Pragnę złożyć świadectwo łask Nowenny Pompejańskiej, obiecałam to Matce Bożej. W swoim życiu odmówiłam już 4 Nowenny, pierwsze trzy obietnice zostały spełnione, z czego dopiero teraz zrozumiałam, że moje dwie prośby były źle formułowane i niezgodne z życiem, w którym na pierwszym miejscu jest Bóg. Ostatnia moja Nowenna Pompejańska dotyczyła łaski, jaką jest sakrament małżeństwa. Nie prosiłam o konkretną osobę, ale wszystko zostawiłam w rękach Matki Bożej. Od czasu jej zakończenia minęły ok. 2 tygodnie. Obietnica nie została jeszcze spełniona, natomiast łatki, jakie otrzymałam w trakcie jej odmawiania są niewyobrażalne. Czytając świadectwa innych osób, natknęłam się na świadectwo, w którym został wspomniany ks. Piotr Glas, polski egzorcysta mieszkający za granicą. Jestem przekonana, że Matka Boża chciała mnie wyciągnąć z ciemności, w której żyłam. Obejrzałam jego wykłady w Internecie. Ten ksiądz, którego przysłała do mnie Matka Boża, uratował moje życie. Zrozumiałam, dlaczego dzieje się w moim życiu tak, a nie inaczej. Wyspowiadałam się z grzechów, których nie byłam świadoma. Zrozumiałam również, jak działa szatan. Pamiętajcie jednak, że jest to „ojciec kłamstwa”. Pokazuje zło jako dobro. Każdemu, kto mu zawierzy i uwierzy, przyjdzie rachunek. Szatan nie daje nic za darmo. To właśnie on doprowadza ludzi do upadku i załamania.
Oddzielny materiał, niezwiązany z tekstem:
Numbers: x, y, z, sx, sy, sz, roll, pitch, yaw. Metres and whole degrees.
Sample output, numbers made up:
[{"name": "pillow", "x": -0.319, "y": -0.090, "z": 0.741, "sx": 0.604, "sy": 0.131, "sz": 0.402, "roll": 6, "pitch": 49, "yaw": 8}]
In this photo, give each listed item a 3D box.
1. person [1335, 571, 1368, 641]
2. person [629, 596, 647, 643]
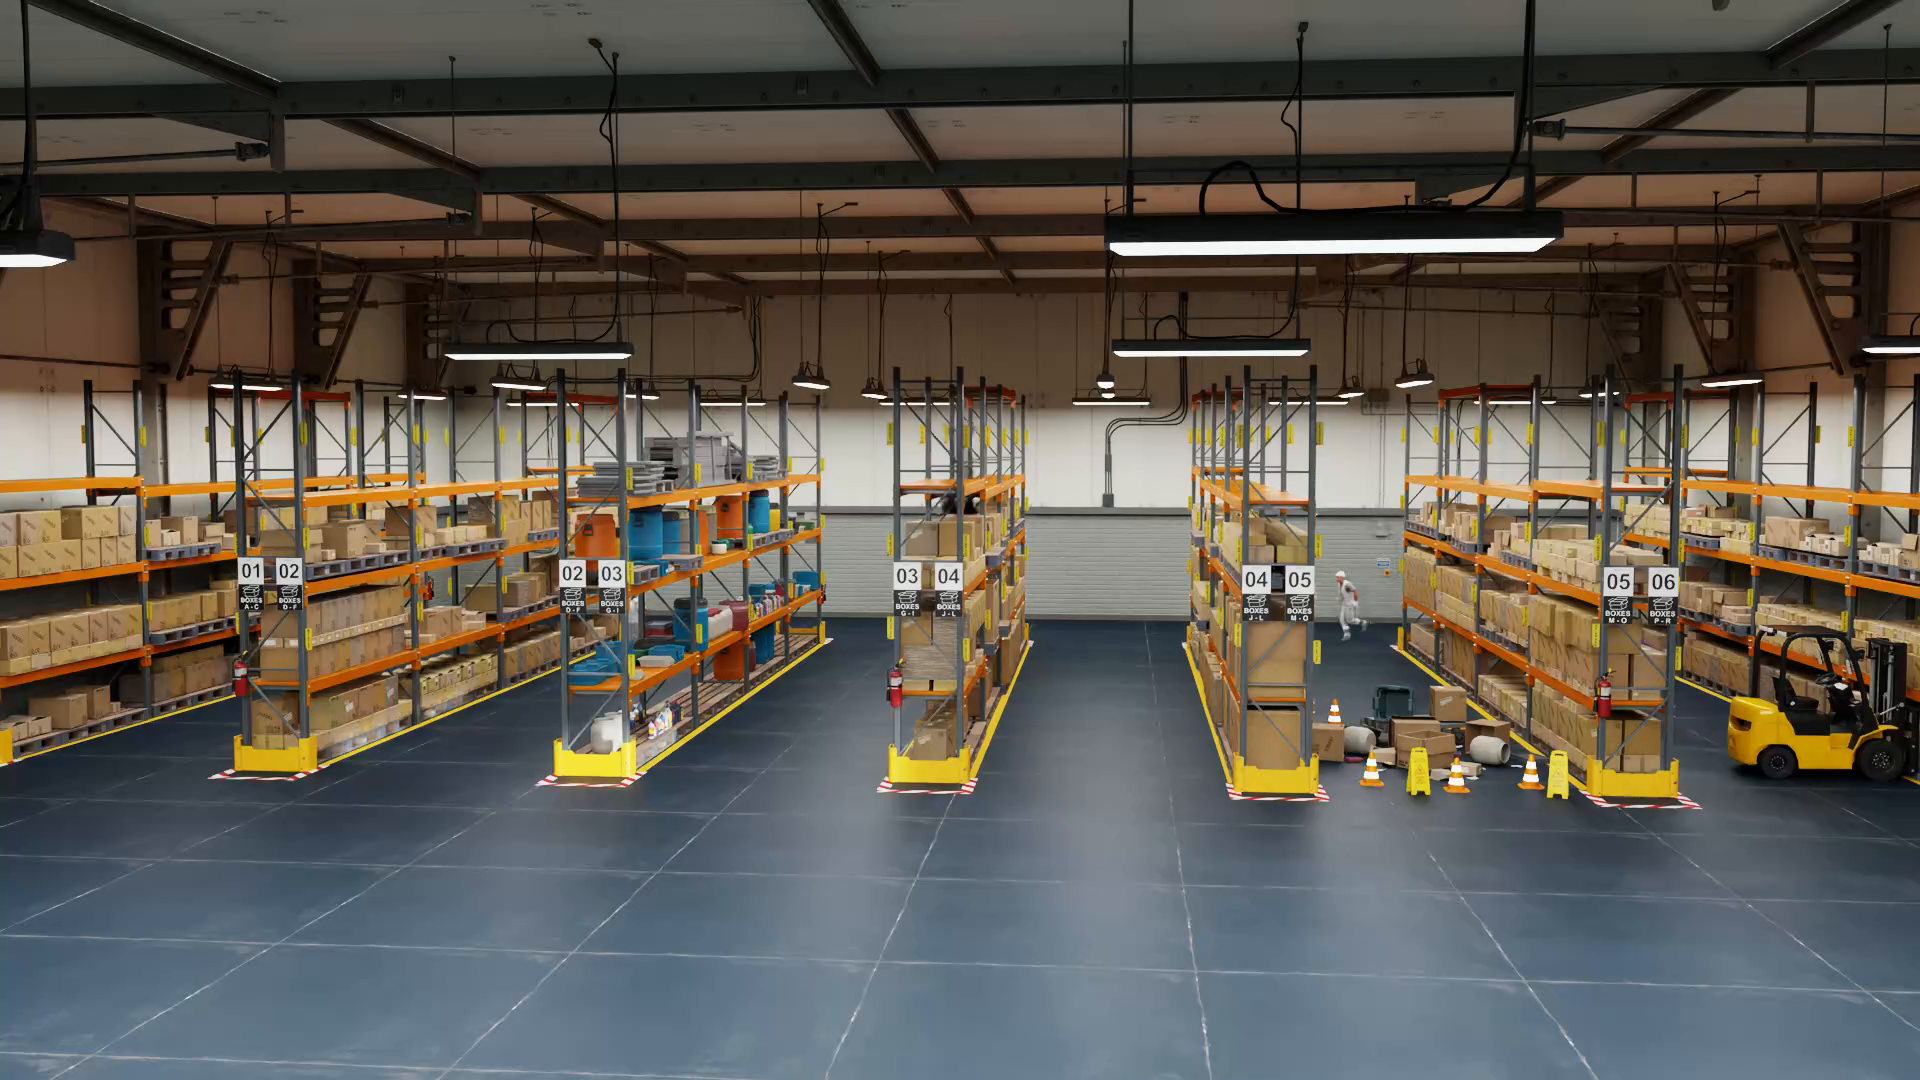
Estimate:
[{"name": "person", "x": -0.489, "y": 1.736, "z": 39.159, "sx": 21.466, "sy": 1.718, "sz": 0.784, "roll": -1, "pitch": 4, "yaw": -10}, {"name": "person", "x": -7.340, "y": 1.868, "z": 37.157, "sx": 0.534, "sy": 1.652, "sz": 0.562, "roll": 0, "pitch": 4, "yaw": 5}]

Moja ostatnia Nowenna była tak trudna, że nie wiem, jak wytrwałam. Szatan zna nasze słabe punkty i trafiał w nie perfekcyjnie przez cały czas odmawiania Nowenny. Jeżeli ja wytrwałam, to wiem, że każdy to wytrwa. Nowenna Pompejańska mnie uratowała. Była dla mnie oczyszczeniem duszy, czasem nawrócenia i zrozumienia. Teraz widzę jak na dłoni, kto jest od Boga, a kto po tej drugiej, ciemnej stronie. Myślę, że ten czas był również przygotowaniem do życia w sakramencie. Dziękuję Maryi.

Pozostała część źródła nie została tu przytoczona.